Evidenziamo alcuni tratti salienti del fenomeno inflattivo su descritto:
- a differenza di quanto avviene in UE, negli States lo shock petrolifero non è al momento abbastanza grave da intaccare sensibilmente le prospettive di crescita. Anche qualora il greggio salisse a 130 dollari al barile o oltre e lì vi perdurasse, l’impatto negativo sul PIL americano sarebbe compreso tra lo -0,5% e il -1%.
- I rischi d’inflazione indotta da petrolio sono evidenti: la soglia psicologica di 130 dollari al barile potrebbe far salire dell’1% il CPI.
- Le pressioni salariali non si stanno attenuando.
- Le aspettative d’inflazione espresse dagli operatori di mercato sono aumentate.
- Le aspettative d’inflazione dei consumatori e delle aziende crescono nel breve termine per riverberarsi nel medio e lungo termine.
Dal confronto delle proiezioni pubblicate il 16 marzo 2022 dalla Fed rispetto a quelle del 15 dicembre 2021, si evincono tre punti importanti:
- Ridimensionamento del tasso di crescita 2022 al +2.8% (dal precedente +4.0%).
- Incremento del tasso d’inflazione 2022 per ovvii motivi legati al rincaro di materie prime e energia (4.3% rispetto al precedente 2.6%).

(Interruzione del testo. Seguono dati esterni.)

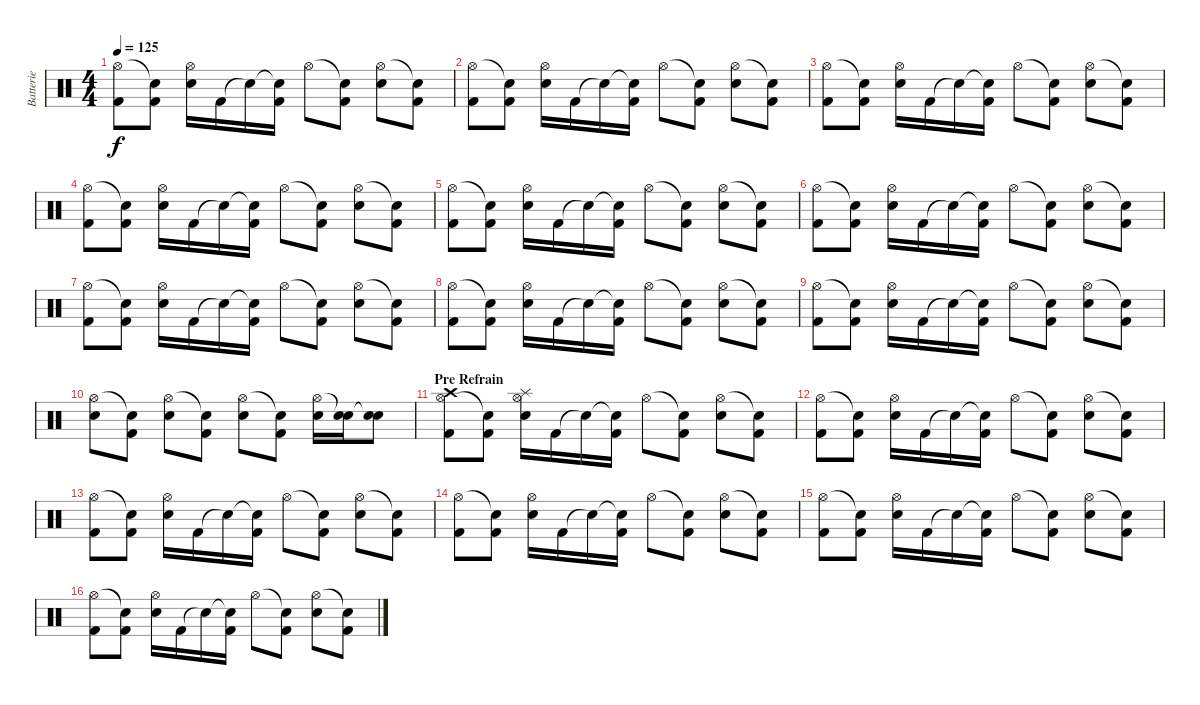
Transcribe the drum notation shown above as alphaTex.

La guerra aveva complicato il programma Fed di riduzione del suo bilancio (riduzione dell’attivo finanziario in titoli Treasury, Mortgage Backed Securities e titoli obbligazionari in genere). Secondo l’economista Fed Robert Adams: “La Fed potrebbe essere costretta a modificare il proprio piano di riduzione del bilancio in tempo reale se lo shock Russia-Ucraina provocasse grandi revisioni delle prospettive economiche“. La guerra avrebbe forse rallentato il processo di contenimento del bilancio. I total asset di Stato Patrimoniale della Fed ammontavano a 8,9 trilioni di dollari. Il governatore Christopher Waller aveva dichiarato che tale importo deve ridursi portandosi al 20% del PIL. L’obiettivo sarebbe stato raggiungibile entro il 2025, mediante la riduzione semestrale di 250-500 miliardi, con target finale di stock tra 5,5 trilioni e 6 trilioni.

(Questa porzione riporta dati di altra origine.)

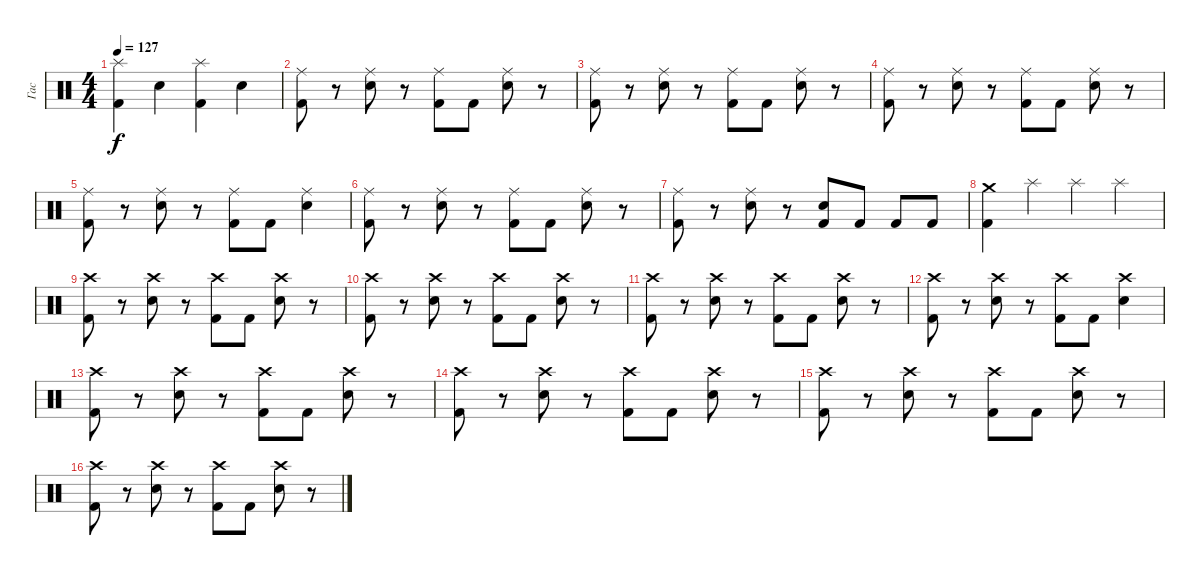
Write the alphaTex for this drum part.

\track ("Гас" "Гас") {instrument percussion}
\staff {score}
\articulation defaults
\ts (4 4)
\tempo 127
\clef neutral
\ks c
("Splash (hit)" "Kick (hit) 2").4{dy f} "Electric Snare (hit)".4 ("Splash (hit)" "Kick (hit) 2").4 "Electric Snare (hit)".4 |
("Ride (middle)" "Kick (hit) 2").8 r.8 ("Ride (middle)" "Electric Snare (hit)").8 r.8 ("Ride (middle)" "Kick (hit) 2").8 "Kick (hit) 2".8 ("Ride (middle)" "Electric Snare (hit)").8 r.8 |
("Ride (middle)" "Kick (hit) 2").8 r.8 ("Ride (middle)" "Electric Snare (hit)").8 r.8 ("Ride (middle)" "Kick (hit) 2").8 "Kick (hit) 2".8 ("Ride (middle)" "Electric Snare (hit)").8 r.8 |
("Ride (middle)" "Kick (hit) 2").8 r.8 ("Ride (middle)" "Electric Snare (hit)").8 r.8 ("Ride (middle)" "Kick (hit) 2").8 "Kick (hit) 2".8 ("Ride (middle)" "Electric Snare (hit)").8 r.8 |
("Ride (middle)" "Kick (hit) 2").8 r.8 ("Ride (middle)" "Electric Snare (hit)").8 r.8 ("Ride (middle)" "Kick (hit) 2").8 "Kick (hit) 2".8 ("Ride (middle)" "Electric Snare (hit)").4 |
("Ride (middle)" "Kick (hit) 2").8 r.8 ("Ride (middle)" "Electric Snare (hit)").8 r.8 ("Ride (middle)" "Kick (hit) 2").8 "Kick (hit) 2".8 ("Ride (middle)" "Electric Snare (hit)").8 r.8 |
("Ride (middle)" "Kick (hit) 2").8 r.8 ("Ride (middle)" "Electric Snare (hit)").8 r.8 ("Electric Snare (hit)" "Kick (hit) 2").8 "Kick (hit) 2".8 "Kick (hit) 2".8 "Kick (hit) 2".8 |
("Crash medium (hit)" "Kick (hit) 2").4 "Splash (hit)".4 "Splash (hit)".4 "Splash (hit)".4 |
("Crash high (hit)" "Kick (hit) 2").8 r.8 ("Crash high (hit)" "Electric Snare (hit)").8 r.8 ("Crash high (hit)" "Kick (hit) 2").8 "Kick (hit) 2".8 ("Crash high (hit)" "Electric Snare (hit)").8 r.8 |
("Crash high (hit)" "Kick (hit) 2").8 r.8 ("Crash high (hit)" "Electric Snare (hit)").8 r.8 ("Crash high (hit)" "Kick (hit) 2").8 "Kick (hit) 2".8 ("Crash high (hit)" "Electric Snare (hit)").8 r.8 |
("Crash high (hit)" "Kick (hit) 2").8 r.8 ("Crash high (hit)" "Electric Snare (hit)").8 r.8 ("Crash high (hit)" "Kick (hit) 2").8 "Kick (hit) 2".8 ("Crash high (hit)" "Electric Snare (hit)").8 r.8 |
("Crash high (hit)" "Kick (hit) 2").8 r.8 ("Crash high (hit)" "Electric Snare (hit)").8 r.8 ("Crash high (hit)" "Kick (hit) 2").8 "Kick (hit) 2".8 ("Crash high (hit)" "Electric Snare (hit)").4 |
("Crash high (hit)" "Kick (hit) 2").8 r.8 ("Crash high (hit)" "Electric Snare (hit)").8 r.8 ("Crash high (hit)" "Kick (hit) 2").8 "Kick (hit) 2".8 ("Crash high (hit)" "Electric Snare (hit)").8 r.8 |
("Crash high (hit)" "Kick (hit) 2").8 r.8 ("Crash high (hit)" "Electric Snare (hit)").8 r.8 ("Crash high (hit)" "Kick (hit) 2").8 "Kick (hit) 2".8 ("Crash high (hit)" "Electric Snare (hit)").8 r.8 |
("Crash high (hit)" "Kick (hit) 2").8 r.8 ("Crash high (hit)" "Electric Snare (hit)").8 r.8 ("Crash high (hit)" "Kick (hit) 2").8 "Kick (hit) 2".8 ("Crash high (hit)" "Electric Snare (hit)").8 r.8 |
("Crash high (hit)" "Kick (hit) 2").8 r.8 ("Crash high (hit)" "Electric Snare (hit)").8 r.8 ("Crash high (hit)" "Kick (hit) 2").8 "Kick (hit) 2".8 ("Crash high (hit)" "Electric Snare (hit)").8 r.8

Riguardo alla riduzione di bilancio Fed, alcuni esperti avevano elaborato ipotesi di timing, strumenti operativi e limiti quantitativi:
- timing d’avvio del Quantitative Tightening sarebbe stato in maggio, successivo al rialzo tassi in marzo;
- modalità operative: la Fed non venderà titoli bensì porterà a scadenza i Treasury, a esclusione di contenute dismissioni di MBS, la cui probabilità di ‘pre-payment’ si ridurrà tanto maggiormente se i tassi salgono (ricordiamo che le MBS hanno come sottostanti crediti ipotecari) quanto maggiore sarà la rapidità della Fed nel rialzare i tassi;
- limiti quantitativi di rimborso anticipato:
✓ 60 miliardi al mese per i coupon su Treasury.
✓ 40 miliardi in MBS.
✓ Nessun limite di rimborso sul capitale dei Treasury che verranno portati a scadenza.
I massimali di rimborso totale potrebbero passare rispettivamente da 35, a 70 e infine a 100 miliardi in tre anni, mediante riduzione dell’attivo finanziario di bilancio Fed di 1 trilione l’anno.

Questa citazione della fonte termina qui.